----- Supplied records -----

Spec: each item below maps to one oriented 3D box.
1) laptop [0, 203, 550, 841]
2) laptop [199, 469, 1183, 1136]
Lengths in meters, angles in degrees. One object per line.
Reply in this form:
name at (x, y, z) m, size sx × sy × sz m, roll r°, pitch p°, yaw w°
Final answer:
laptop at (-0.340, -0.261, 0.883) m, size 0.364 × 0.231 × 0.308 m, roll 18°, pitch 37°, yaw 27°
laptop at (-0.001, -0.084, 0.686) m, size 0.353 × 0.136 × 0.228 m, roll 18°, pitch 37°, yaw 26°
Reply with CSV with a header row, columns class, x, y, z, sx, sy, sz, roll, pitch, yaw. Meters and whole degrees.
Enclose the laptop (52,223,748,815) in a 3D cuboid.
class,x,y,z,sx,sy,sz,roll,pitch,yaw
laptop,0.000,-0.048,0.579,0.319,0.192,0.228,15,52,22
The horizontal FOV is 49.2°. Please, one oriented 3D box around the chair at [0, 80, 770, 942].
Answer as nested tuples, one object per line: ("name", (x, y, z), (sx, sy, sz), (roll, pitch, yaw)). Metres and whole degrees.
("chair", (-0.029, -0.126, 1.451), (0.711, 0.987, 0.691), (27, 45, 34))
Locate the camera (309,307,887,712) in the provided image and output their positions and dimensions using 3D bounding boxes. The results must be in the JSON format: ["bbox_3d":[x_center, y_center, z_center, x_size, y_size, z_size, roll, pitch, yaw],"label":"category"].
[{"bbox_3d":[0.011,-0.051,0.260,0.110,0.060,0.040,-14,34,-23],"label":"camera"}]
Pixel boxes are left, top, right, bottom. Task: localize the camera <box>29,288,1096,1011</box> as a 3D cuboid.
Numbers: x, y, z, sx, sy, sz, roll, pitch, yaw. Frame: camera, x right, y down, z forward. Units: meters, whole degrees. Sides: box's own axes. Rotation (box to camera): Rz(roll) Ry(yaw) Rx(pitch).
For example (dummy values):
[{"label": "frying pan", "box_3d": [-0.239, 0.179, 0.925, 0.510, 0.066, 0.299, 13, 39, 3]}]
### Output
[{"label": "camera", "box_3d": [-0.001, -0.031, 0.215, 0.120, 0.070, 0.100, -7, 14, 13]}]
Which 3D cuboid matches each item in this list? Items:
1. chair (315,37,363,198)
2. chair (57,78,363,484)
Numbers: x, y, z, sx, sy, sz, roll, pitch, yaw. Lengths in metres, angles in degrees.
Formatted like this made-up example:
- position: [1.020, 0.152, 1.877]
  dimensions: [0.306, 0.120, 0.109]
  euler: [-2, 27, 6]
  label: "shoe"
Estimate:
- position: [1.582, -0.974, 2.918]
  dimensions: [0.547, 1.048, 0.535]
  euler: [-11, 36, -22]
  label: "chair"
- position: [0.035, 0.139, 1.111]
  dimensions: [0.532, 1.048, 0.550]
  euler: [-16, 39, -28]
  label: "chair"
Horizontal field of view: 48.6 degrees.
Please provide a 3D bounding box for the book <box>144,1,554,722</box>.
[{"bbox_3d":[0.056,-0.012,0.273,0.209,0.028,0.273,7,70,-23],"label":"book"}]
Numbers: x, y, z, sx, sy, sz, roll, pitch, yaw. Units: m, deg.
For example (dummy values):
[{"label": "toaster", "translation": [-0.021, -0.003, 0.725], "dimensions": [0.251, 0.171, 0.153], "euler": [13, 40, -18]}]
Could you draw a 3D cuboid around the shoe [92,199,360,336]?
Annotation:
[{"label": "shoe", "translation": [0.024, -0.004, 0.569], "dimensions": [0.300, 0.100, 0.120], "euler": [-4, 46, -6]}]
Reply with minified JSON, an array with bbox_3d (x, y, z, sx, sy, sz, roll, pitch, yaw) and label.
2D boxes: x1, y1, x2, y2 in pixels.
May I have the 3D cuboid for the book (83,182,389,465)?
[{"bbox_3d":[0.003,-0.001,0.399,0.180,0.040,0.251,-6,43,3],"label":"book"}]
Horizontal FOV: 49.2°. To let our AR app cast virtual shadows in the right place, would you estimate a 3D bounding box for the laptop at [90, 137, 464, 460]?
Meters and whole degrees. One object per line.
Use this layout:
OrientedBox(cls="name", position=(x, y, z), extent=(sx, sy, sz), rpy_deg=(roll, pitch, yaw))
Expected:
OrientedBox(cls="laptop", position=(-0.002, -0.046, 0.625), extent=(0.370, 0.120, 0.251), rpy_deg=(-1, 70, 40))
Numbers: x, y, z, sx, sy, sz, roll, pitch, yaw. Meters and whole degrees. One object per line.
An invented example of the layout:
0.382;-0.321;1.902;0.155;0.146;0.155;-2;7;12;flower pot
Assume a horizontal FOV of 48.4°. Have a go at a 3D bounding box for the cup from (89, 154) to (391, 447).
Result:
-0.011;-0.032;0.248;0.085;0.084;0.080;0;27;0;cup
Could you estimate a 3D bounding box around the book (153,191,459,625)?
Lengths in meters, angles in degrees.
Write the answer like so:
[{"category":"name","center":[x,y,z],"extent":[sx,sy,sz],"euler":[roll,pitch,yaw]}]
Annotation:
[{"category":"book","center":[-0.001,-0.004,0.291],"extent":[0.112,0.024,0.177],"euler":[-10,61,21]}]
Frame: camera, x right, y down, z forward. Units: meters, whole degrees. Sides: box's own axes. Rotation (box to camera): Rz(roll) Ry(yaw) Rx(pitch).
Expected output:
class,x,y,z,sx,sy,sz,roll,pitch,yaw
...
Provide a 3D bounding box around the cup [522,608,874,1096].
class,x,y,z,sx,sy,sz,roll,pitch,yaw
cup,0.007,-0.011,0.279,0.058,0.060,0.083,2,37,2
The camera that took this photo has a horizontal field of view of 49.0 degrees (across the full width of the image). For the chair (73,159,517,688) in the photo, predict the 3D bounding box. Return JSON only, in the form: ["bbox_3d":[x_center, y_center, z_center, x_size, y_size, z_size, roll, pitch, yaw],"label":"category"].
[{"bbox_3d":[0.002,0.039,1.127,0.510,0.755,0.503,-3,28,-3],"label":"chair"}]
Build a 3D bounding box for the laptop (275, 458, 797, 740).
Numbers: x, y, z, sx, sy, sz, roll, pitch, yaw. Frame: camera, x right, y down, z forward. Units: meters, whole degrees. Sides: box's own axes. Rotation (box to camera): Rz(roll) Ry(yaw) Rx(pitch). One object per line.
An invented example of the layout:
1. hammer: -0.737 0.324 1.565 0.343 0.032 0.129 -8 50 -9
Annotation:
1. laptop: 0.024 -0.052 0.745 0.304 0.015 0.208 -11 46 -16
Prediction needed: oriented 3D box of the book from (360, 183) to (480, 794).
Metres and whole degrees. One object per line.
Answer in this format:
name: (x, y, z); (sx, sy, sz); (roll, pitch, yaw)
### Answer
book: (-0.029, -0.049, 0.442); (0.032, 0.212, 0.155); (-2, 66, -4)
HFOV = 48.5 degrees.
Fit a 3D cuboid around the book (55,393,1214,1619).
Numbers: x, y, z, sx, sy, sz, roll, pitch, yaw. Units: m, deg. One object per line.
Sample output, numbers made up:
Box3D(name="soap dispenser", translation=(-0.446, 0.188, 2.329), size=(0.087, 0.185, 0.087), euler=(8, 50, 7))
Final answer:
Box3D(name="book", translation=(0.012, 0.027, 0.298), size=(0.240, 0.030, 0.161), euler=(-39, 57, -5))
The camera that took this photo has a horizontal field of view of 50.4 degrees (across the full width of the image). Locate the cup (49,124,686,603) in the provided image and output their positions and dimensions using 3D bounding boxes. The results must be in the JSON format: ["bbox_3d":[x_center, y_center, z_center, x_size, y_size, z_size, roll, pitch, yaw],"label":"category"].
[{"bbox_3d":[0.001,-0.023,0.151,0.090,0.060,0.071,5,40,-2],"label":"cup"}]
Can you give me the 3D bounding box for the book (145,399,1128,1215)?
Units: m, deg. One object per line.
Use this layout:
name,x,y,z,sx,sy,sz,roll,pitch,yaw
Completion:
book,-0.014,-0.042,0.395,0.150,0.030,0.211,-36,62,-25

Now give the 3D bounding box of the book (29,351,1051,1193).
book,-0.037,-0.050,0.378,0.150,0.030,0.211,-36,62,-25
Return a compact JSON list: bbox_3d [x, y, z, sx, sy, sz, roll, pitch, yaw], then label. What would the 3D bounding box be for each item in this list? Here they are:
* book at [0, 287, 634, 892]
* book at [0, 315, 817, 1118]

-----

■ Requirement
Among the lines of the data, which ones contain the word "forward"? Show them.

■ Solution for this problem
Numbers: x, y, z, sx, sy, sz, roll, pitch, yaw. Frame: camera, x right, y down, z forward. Units: meters, whole degrees. Sides: box's own axes. Rotation (box to camera): Rz(roll) Ry(yaw) Rx(pitch).
Frame: camera, x right, y down, z forward. Units: meters, whole degrees. Sides: box's own axes. Rotation (box to camera): Rz(roll) Ry(yaw) Rx(pitch).
Numbers: x, y, z, sx, sy, sz, roll, pitch, yaw. Frame: camera, x right, y down, z forward. Units: meters, whole degrees. Sides: box's own axes. Rotation (box to camera): Rz(roll) Ry(yaw) Rx(pitch). One object per line.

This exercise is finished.